The heavily forested United States “remained firmly in the age of wood” during Britain’s coal transition, Ennos notes. U.S. ironworkers were using wood-derived charcoal more than coal until the latter half of the nineteenth century—some were still using charcoal until the end of the 1920s. Yet if the United States was slow to swap coal for wood, it was an early adopter of another fossil fuel: oil.

That the same country that had enjoyed an unspeakable abundance of timber should also possess great reservoirs of oil seems like a grand geopolitical injustice. Nevertheless, the enormous gusher of petroleum spurting up in Spindletop, Texas, in January 1901 made it clear that sometimes life just isn’t fair. The east Texas bounty inaugurated a century of oil, and a century of U.S. dominance. Wells operated in the British West Indies, Dutch East Indies, and Russian Empire, but nothing rivaled the mammoth oil corporations of the United States.

By the 1950s, the twice-blessed country had undergone a full oil revolution. As gasoline, petroleum fueled the automobiles that jammed its streets and the planes that filled its skies. Wood still had its uses, but more often as plywood, a composite product using petroleum-based resins. Meanwhile, another petroleum product, plastic, became the new basis of U.S. consumer culture in the form of Tupperware, Barbie dolls, credit cards, Styrofoam, Saran wrap, vinyl records, linoleum floors, nylon clothes, and Lycra bras.

“The whole world can be plasticized,” observed the philosopher Roland Barthes, rightly. He was born in 1915, meaning that while he could envision an all-plastic future, his lifespan overlapped with those of individuals who had known the all-wooden past. Two or three generations is about all it took to unmoor humanity from the substance it had relied on since the birth of the species. In the space of a few decades, we left behind a world our bodies had evolved for and entered a synthetic one our minds could hardly comprehend.

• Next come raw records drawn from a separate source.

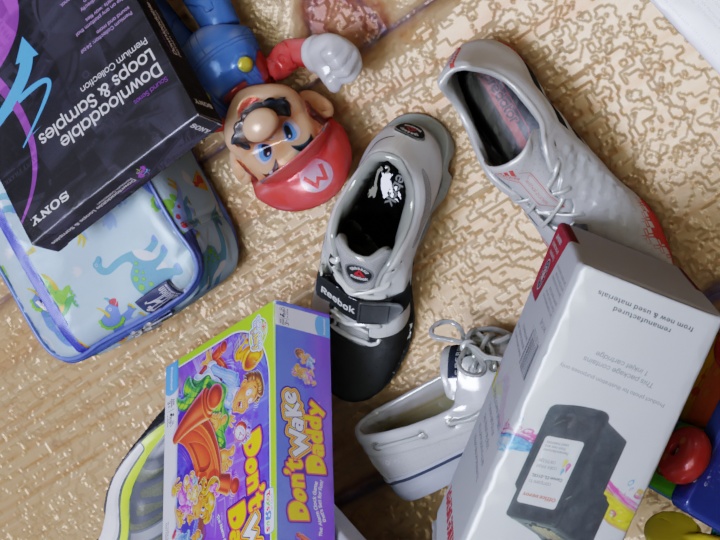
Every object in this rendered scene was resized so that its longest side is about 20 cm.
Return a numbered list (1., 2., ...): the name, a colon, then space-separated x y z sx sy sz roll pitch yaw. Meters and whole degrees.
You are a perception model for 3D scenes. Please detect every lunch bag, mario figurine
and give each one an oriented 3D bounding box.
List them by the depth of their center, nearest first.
1. mario figurine: -0.081 -0.123 1.008 0.200 0.106 0.123 50 136 9
2. lunch bag: -0.190 -0.046 1.089 0.161 0.082 0.200 -28 91 27

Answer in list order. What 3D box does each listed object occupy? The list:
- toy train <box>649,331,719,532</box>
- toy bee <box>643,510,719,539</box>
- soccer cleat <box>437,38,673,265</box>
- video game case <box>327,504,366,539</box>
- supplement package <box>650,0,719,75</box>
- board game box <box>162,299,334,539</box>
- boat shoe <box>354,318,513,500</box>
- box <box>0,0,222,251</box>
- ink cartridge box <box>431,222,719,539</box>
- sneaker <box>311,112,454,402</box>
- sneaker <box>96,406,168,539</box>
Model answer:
1. toy train: 0.225 0.051 0.946 0.085 0.116 0.200 31 83 -24
2. toy bee: 0.245 0.196 0.967 0.131 0.109 0.200 -9 100 22
3. soccer cleat: 0.116 -0.054 0.964 0.069 0.085 0.200 -36 89 25
4. video game case: -0.065 0.221 1.029 0.200 0.024 0.182 39 110 54
5. supplement package: 0.270 -0.185 0.856 0.110 0.114 0.200 47 113 3
6. board game box: -0.073 0.136 1.013 0.134 0.045 0.200 -32 52 45
7. boat shoe: 0.076 0.068 1.015 0.202 0.075 0.086 -32 108 31
8. box: -0.189 -0.133 1.008 0.143 0.036 0.200 -36 72 18
9. ink cartridge box: 0.115 0.088 0.892 0.083 0.146 0.200 21 101 -2
10. sneaker: 0.000 0.000 1.023 0.074 0.089 0.200 18 111 15
11. sneaker: -0.141 0.181 1.140 0.081 0.074 0.200 22 116 5
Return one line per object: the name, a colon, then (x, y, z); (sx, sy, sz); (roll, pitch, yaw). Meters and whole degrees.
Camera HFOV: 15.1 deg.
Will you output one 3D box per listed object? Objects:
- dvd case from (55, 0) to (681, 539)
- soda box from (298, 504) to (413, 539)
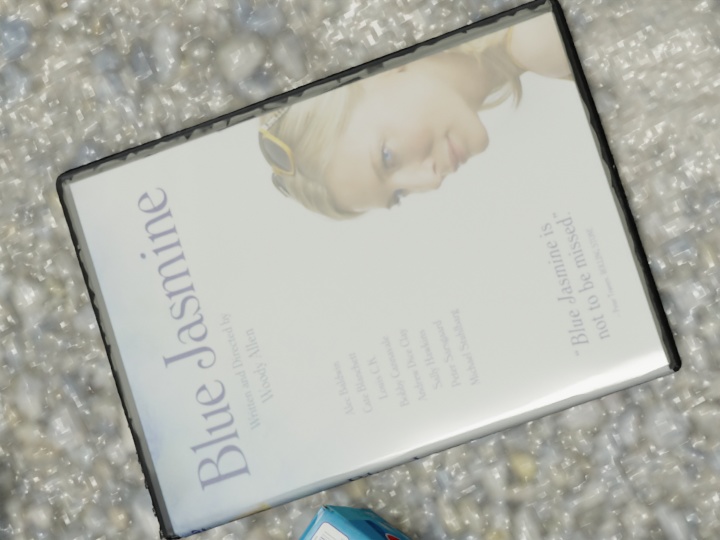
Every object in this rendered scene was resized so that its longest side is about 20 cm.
dvd case: (0.000, 0.000, 0.987); (0.200, 0.018, 0.143); (-19, 83, 10)
soda box: (-0.037, 0.181, 0.955); (0.064, 0.068, 0.200); (36, 94, 14)

The age of wood is over, yet Ennos hopes that aspects might return. Psychologists have suggested that being around wood is calming, and, compared to its fossil-fuel rivals, it’s easier on the environment. Happily, engineers can now join sawn planks together smoothly and durably into computer-designed shapes, making wood newly useful in construction. “Architects are no longer constrained by the size of trees,” Ennos writes. Last year, the Norwegian firm Voll Arkitekter built an 18-story timber skyscraper, and the University of British Columbia boasts a dormitory, Tallwood House, of a similar size. We’re learning, too, to make transparent wood to replace glass and “liquid wood” that can be molded like plastic. “The way seems to be open,” Ennos believes, “to a whole new low-carbon economy.”

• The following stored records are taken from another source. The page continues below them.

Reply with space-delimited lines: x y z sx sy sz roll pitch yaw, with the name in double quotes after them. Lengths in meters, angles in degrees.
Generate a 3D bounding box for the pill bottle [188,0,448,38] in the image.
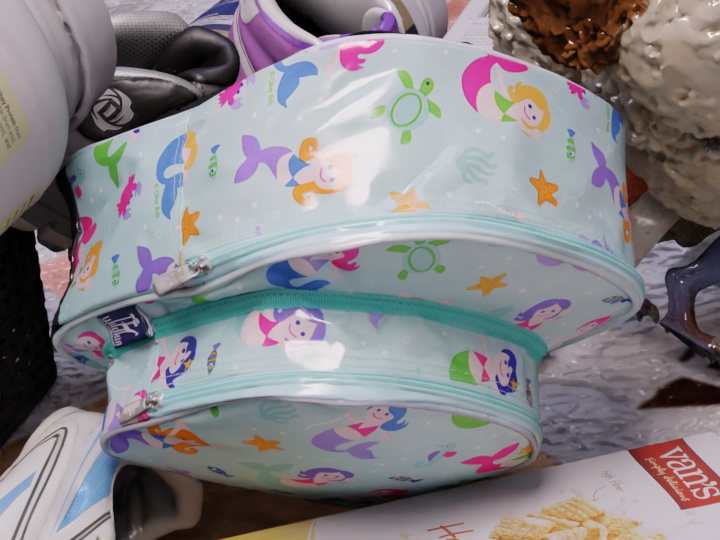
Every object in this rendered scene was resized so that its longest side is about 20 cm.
-0.030 -0.098 1.142 0.111 0.112 0.200 7 30 24 "pill bottle"

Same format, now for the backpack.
0.000 0.000 0.817 0.177 0.151 0.200 17 -32 -39 "backpack"

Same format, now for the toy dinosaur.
0.181 -0.048 0.961 0.182 0.200 0.105 -56 35 -3 "toy dinosaur"

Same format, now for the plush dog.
0.143 -0.081 0.840 0.199 0.161 0.172 -11 -18 10 "plush dog"

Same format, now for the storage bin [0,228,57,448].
-0.224 0.040 0.928 0.135 0.094 0.200 4 29 18 "storage bin"

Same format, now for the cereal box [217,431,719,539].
0.060 0.121 0.774 0.199 0.040 0.144 -12 27 -13 "cereal box"

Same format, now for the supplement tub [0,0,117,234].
-0.195 -0.047 0.796 0.145 0.145 0.200 16 51 36 "supplement tub"

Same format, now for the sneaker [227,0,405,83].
0.011 -0.047 0.957 0.073 0.114 0.201 -36 75 -24 "sneaker"

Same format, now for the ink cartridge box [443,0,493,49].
0.132 -0.111 1.171 0.145 0.085 0.200 4 30 18 "ink cartridge box"

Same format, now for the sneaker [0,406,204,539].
-0.121 0.115 0.790 0.072 0.072 0.200 15 36 20 "sneaker"

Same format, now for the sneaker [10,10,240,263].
-0.070 -0.042 0.945 0.200 0.115 0.075 28 34 -33 "sneaker"

Perhaps. But if wood is having a comeback as a material, it’s not having one as a fuel. There, we remain wedded to coal, oil, and natural gas. We once thought that the danger of the oil economy came from the plastic clogging up the oceans, and indeed those oceans will probably contain more plastic than fish within 30 years, according to the World Economic Forum. Yet we now know that the far greater danger is what we are doing to the climate by powering our grids and vehicles with fossil fuels.

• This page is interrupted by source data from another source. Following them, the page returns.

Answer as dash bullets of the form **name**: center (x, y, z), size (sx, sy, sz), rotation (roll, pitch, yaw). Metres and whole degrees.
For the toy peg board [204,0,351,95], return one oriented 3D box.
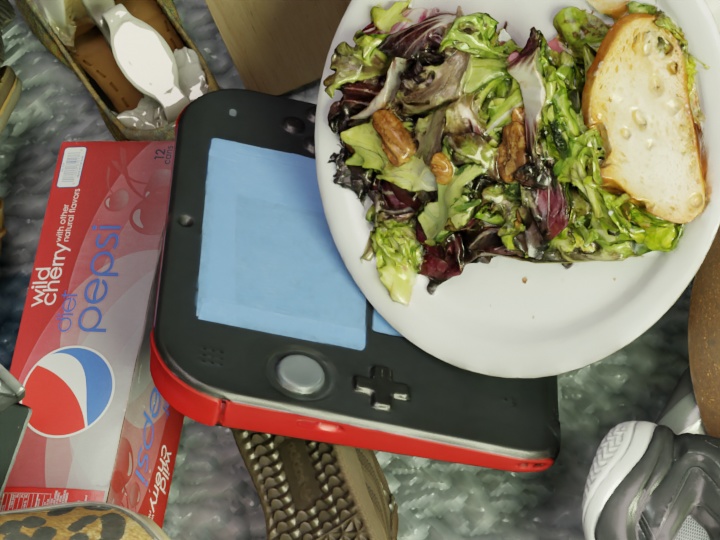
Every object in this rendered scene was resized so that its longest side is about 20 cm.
- **toy peg board**: center (-0.002, -0.215, 1.332), size (0.198, 0.200, 0.098), rotation (-23, 43, 2)

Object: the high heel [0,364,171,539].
- **high heel**: center (-0.143, 0.146, 1.152), size (0.143, 0.071, 0.200), rotation (-43, 79, -12)

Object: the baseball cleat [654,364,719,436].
- **baseball cleat**: center (0.174, 0.025, 1.225), size (0.200, 0.070, 0.106), rotation (-41, 44, -13)

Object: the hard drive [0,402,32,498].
- **hard drive**: center (-0.234, 0.130, 1.238), size (0.139, 0.033, 0.201), rotation (20, 91, 32)

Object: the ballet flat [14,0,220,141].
- **ballet flat**: center (-0.120, -0.118, 1.377), size (0.071, 0.071, 0.200), rotation (-33, 58, -4)

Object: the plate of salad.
- **plate of salad**: center (0.059, -0.056, 1.152), size (0.199, 0.048, 0.201), rotation (1, 92, 33)

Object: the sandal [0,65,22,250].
- **sandal**: center (-0.200, -0.009, 1.339), size (0.080, 0.054, 0.201), rotation (-22, 43, 38)

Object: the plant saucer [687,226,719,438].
- **plant saucer**: center (0.235, 0.028, 1.160), size (0.199, 0.034, 0.201), rotation (1, 82, -6)

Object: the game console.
- **game console**: center (0.000, 0.000, 1.231), size (0.176, 0.031, 0.200), rotation (8, 43, -5)

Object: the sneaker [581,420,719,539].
- **sneaker**: center (0.146, 0.155, 1.103), size (0.113, 0.075, 0.201), rotation (-5, 74, 23)

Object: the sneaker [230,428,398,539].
- **sneaker**: center (-0.005, 0.121, 1.201), size (0.070, 0.075, 0.201), rotation (-24, 56, 24)

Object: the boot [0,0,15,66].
- **boot**: center (-0.259, -0.066, 1.384), size (0.200, 0.072, 0.182), rotation (-48, 15, 14)

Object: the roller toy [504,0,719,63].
- **roller toy**: center (0.137, -0.125, 1.240), size (0.200, 0.140, 0.182), rotation (-48, 39, -14)

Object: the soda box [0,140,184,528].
- **soda box**: center (-0.116, 0.043, 1.282), size (0.063, 0.070, 0.201), rotation (1, 62, 18)

The United States is on fire again, not its wooden cities but its desiccated West, reaching new peaks of flammability as the planet warms. Each megafire is a reminder of how destabilizing our exit from the wooden age has been. Nearly the whole of humanity, from the arboreal hominins of two million years ago to the urbanites of the late nineteenth century, lived in the shadow of trees. We’ve barely had time to grasp the consequences of abandoning wood for fossil fuels and plastics, much less prepare for them. Now the forests are burning and we’re traversing a trackless plain, with little of the past to guide us.